# 2.9: Fitting a Conic Section Through n Points

What is the best ellipse passing near to the following \(16\) points?

\(( \ 1,50) \ (11,58) \ (20,63) \ (30,60)\)

\((42,59) \ (48,52) \ (54,46) \ (61,42)\)

\((61,19) \ (45,12) \ (35,10) \ (25,13)\)

\((17,17) \ (14,22) \ ( \ 5,29) \ ( \ 3,43)\)

This is answered by substituting each point \((x , y)\) in turn in the equation

\[ax^2 + 2hxy + by^2 + 2gx + 2fy + 1 = 0, \label{2.9.1} \tag{2.9.1}\]

thus obtaining 16 equations in the coefficients \(a\), \(h\), \(b\), \(g\), \(f\). (The constant term can be taken to be unity.) These are the equations of condition. The five normal equations can then be set up and solved to give those values for the coefficients that will result in the sum of the squares of the residuals being least, and it is in that sense that the "best" ellipse results. The details of the method are given in the chapter on numerical methods. The actual solution for the points given above is left as an exercise for the energetic.

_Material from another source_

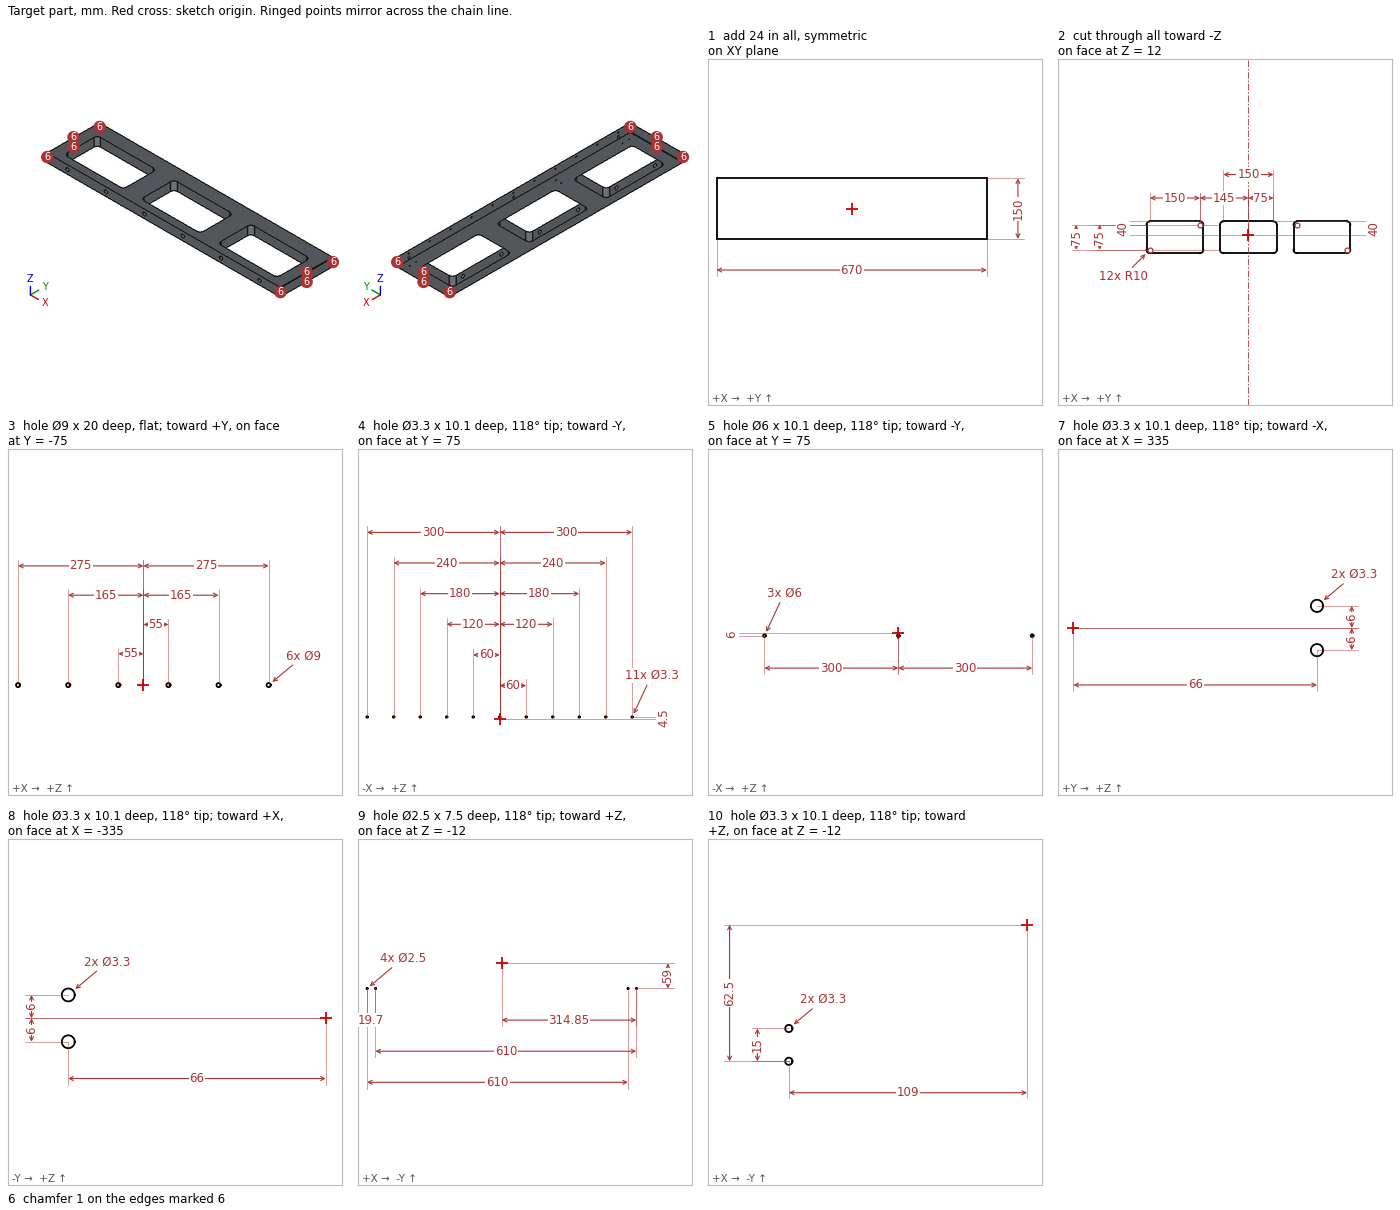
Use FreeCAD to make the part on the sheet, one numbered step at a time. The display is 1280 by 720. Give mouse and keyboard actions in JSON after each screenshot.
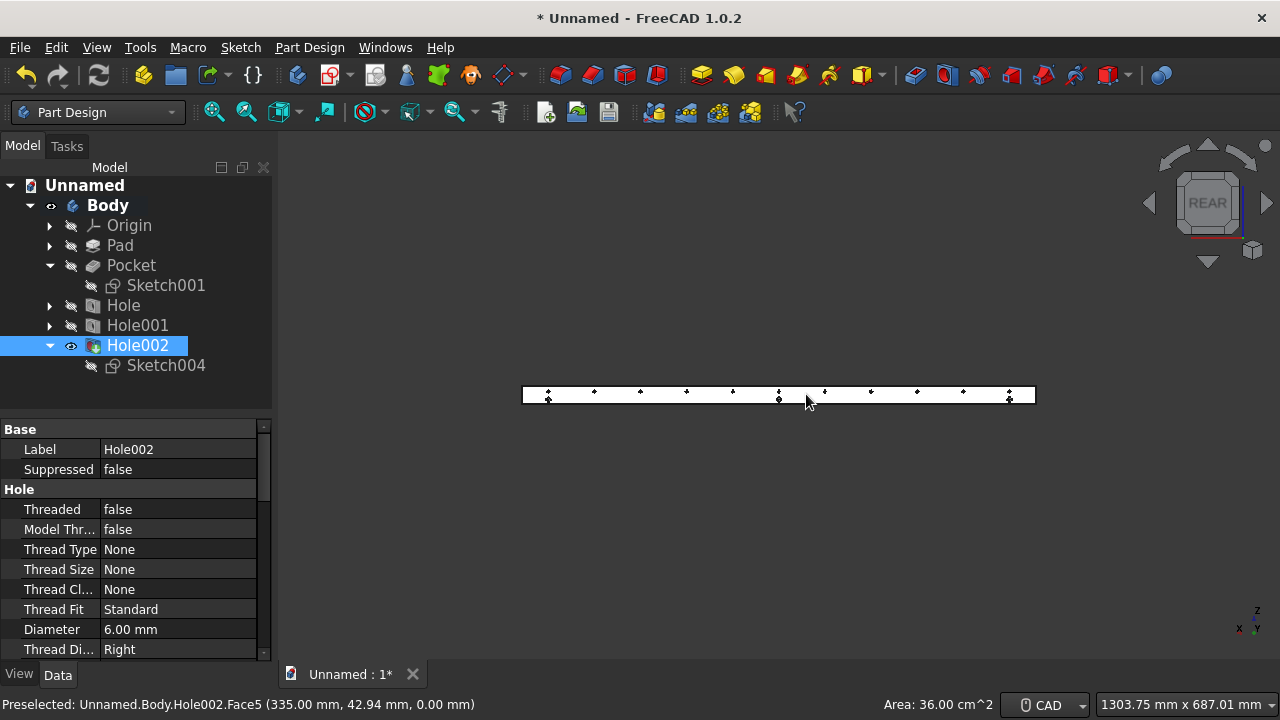
{"action": "key", "text": "6"}

It might be thought that we are now well on the way to doing some real orbital theory. After all, suppose that we have several positions of a planet in orbit around the Sun, or several positions of the secondary component of a visual binary star with respect to its primary component; we can now fit an ellipse through these positions. However, in a real orbital situation we have some additional information as well as an additional constraint. The additional information is that, for each position, we also have a time. The constraint is that the orbit that we deduce must obey Kepler's second law of planetary motion - namely, that the radius vector sweeps out equal areas in equal times. We shall have to await Part II before we get around actually to computing orbits.